- [Exercise details]:
Only the pictures are to be dropped; the rest of the data below is to be duplicated exactly.

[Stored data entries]

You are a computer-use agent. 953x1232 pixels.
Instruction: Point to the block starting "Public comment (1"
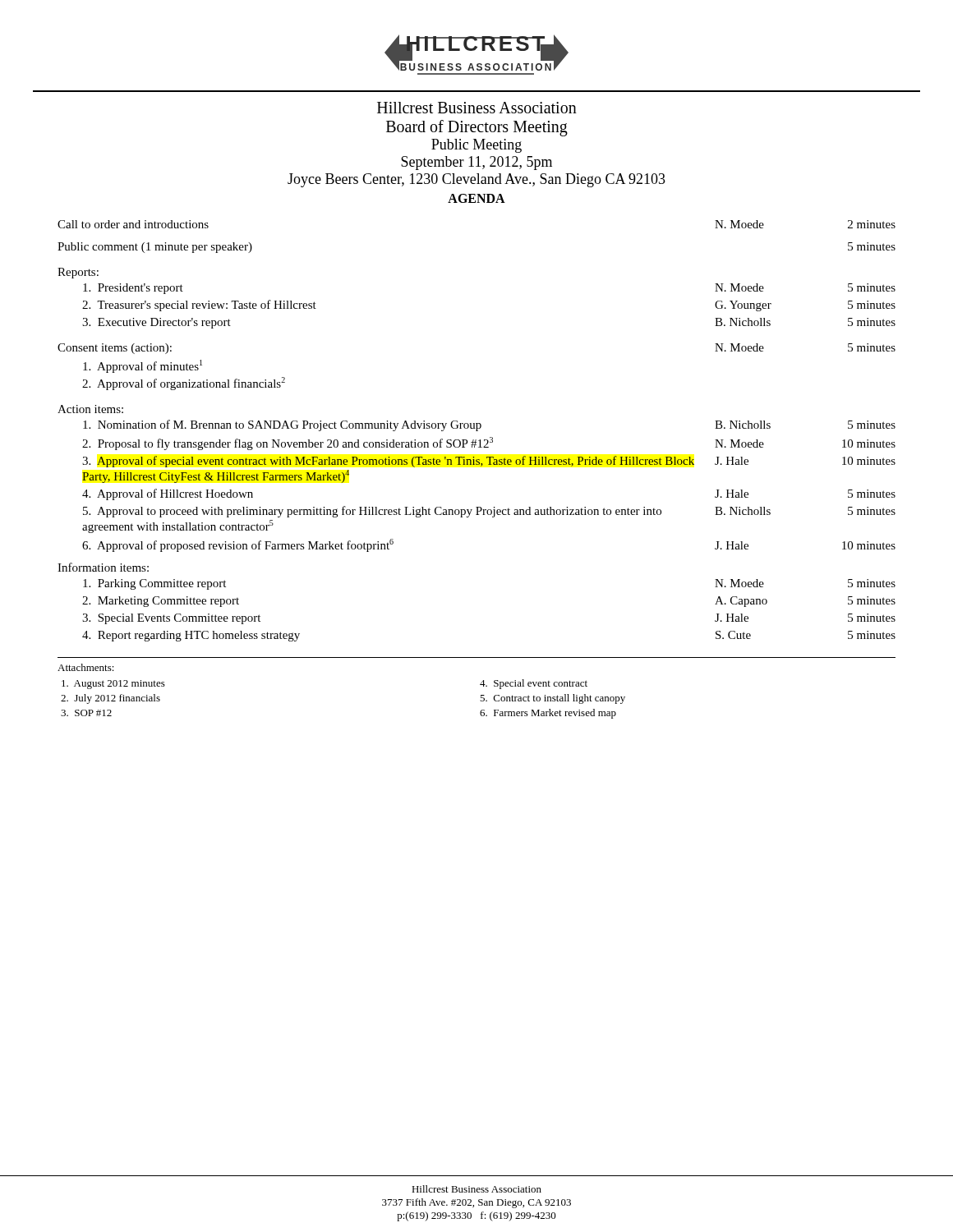(x=159, y=248)
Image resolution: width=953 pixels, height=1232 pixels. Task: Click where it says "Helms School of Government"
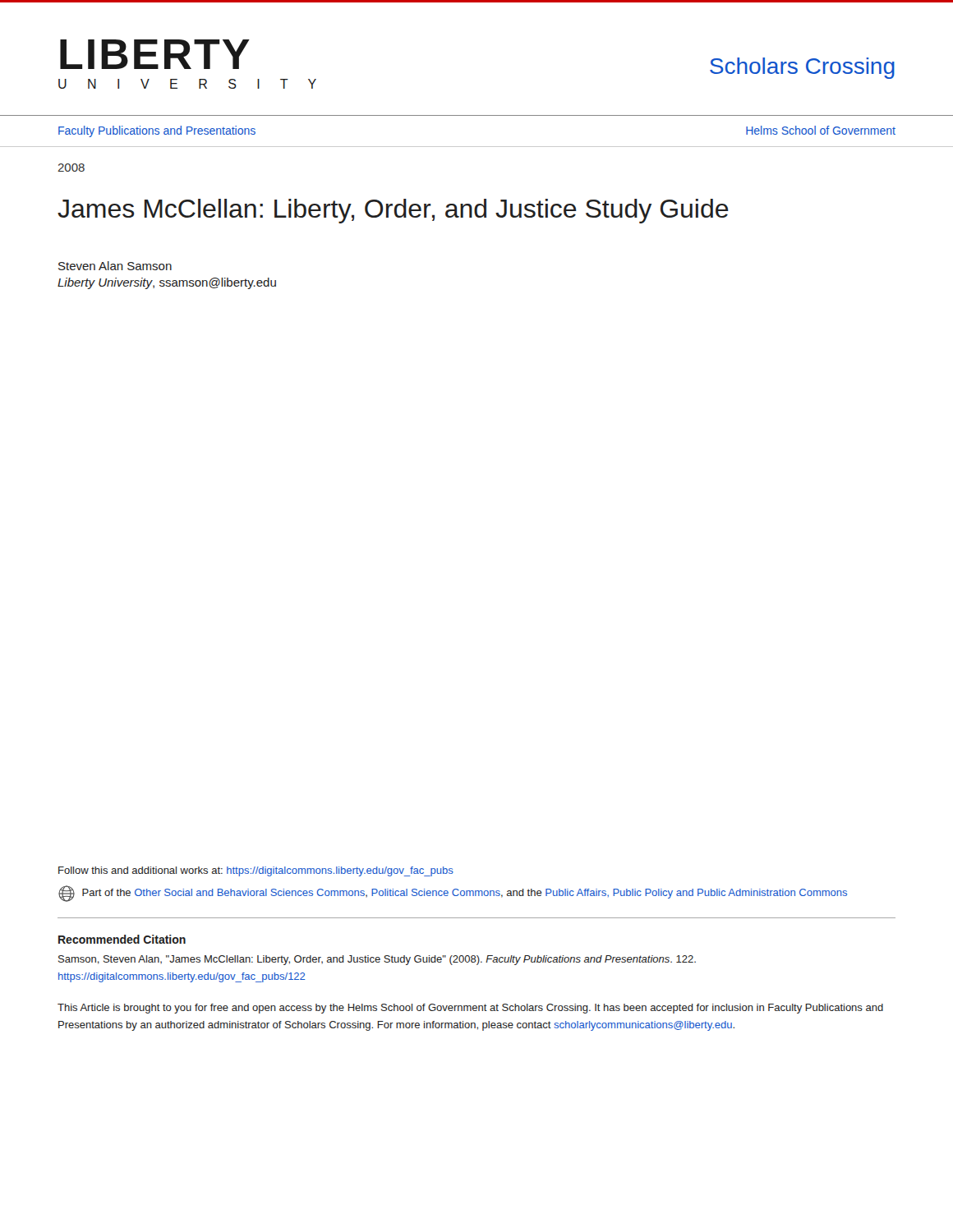click(x=820, y=131)
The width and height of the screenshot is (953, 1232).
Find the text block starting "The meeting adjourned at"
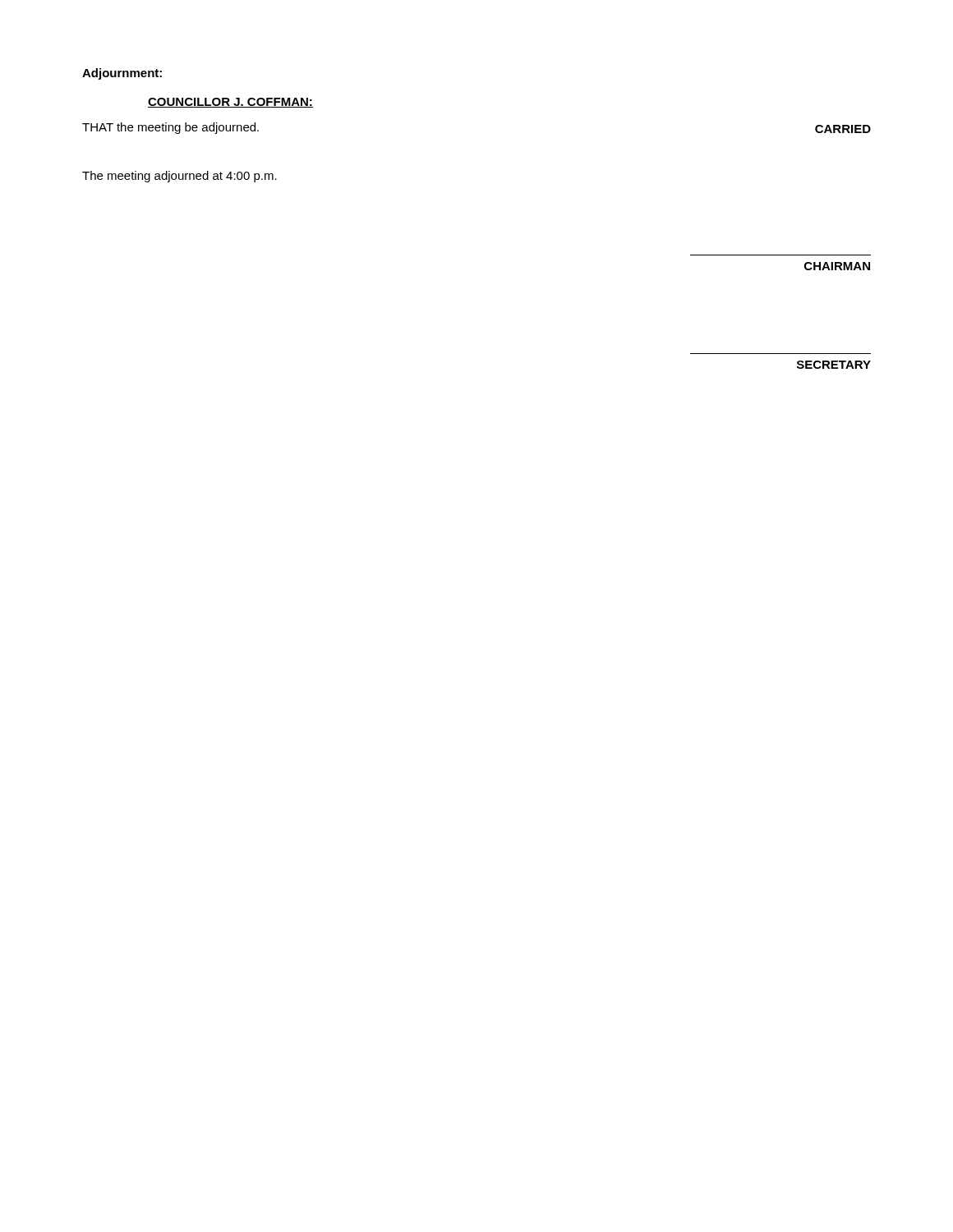180,175
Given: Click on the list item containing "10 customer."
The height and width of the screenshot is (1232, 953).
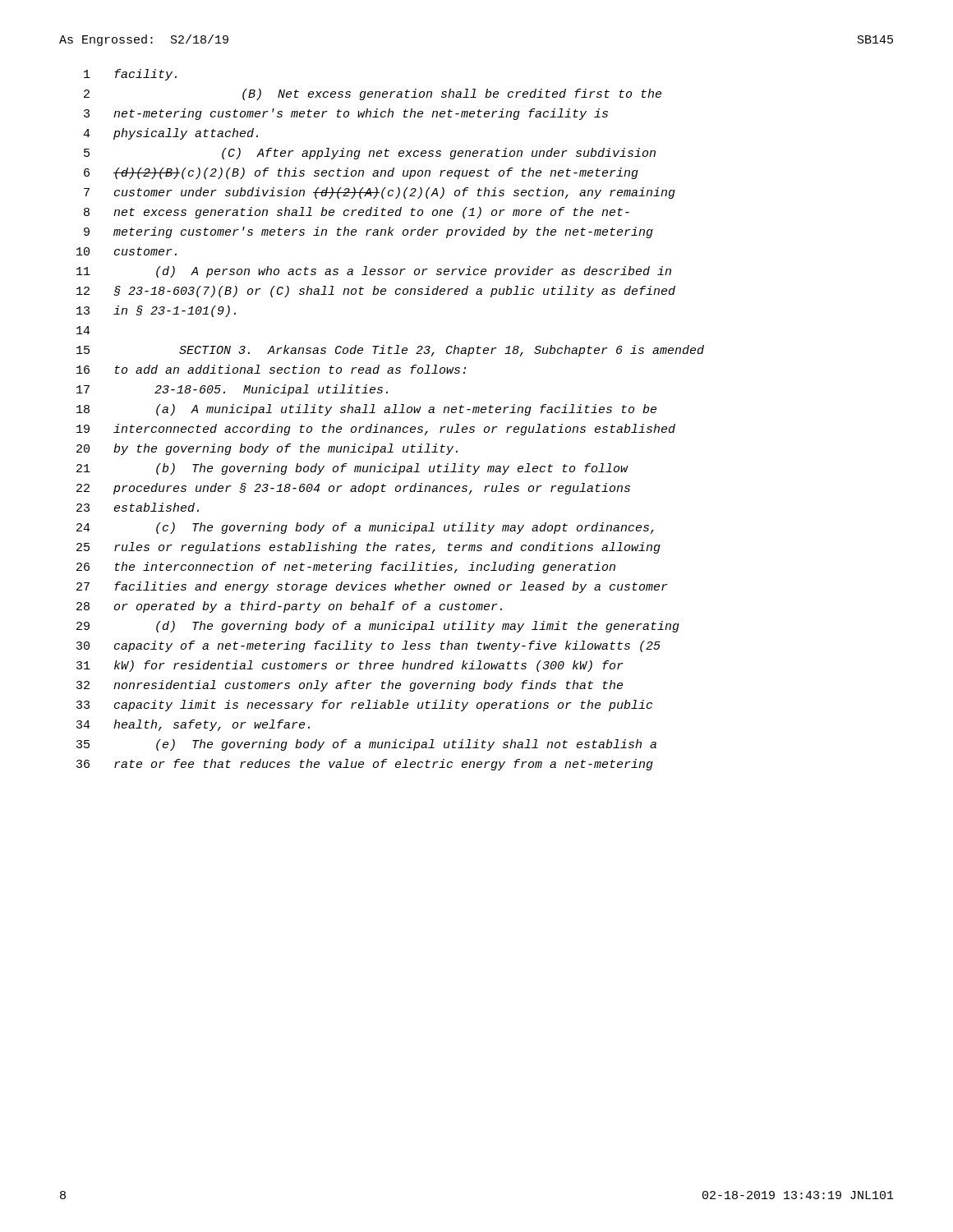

- [Exercise solution]:
You are a computer-use agent. 953x1232 pixels.
Instruction: Point to the block starting "Public comment (1"
(x=159, y=248)
Image resolution: width=953 pixels, height=1232 pixels. Task: Click where it says "Helms School of Government"
click(x=820, y=131)
The width and height of the screenshot is (953, 1232).
Find the text block starting "The meeting adjourned at"
180,175
Given: Click on the list item containing "10 customer."
The height and width of the screenshot is (1232, 953).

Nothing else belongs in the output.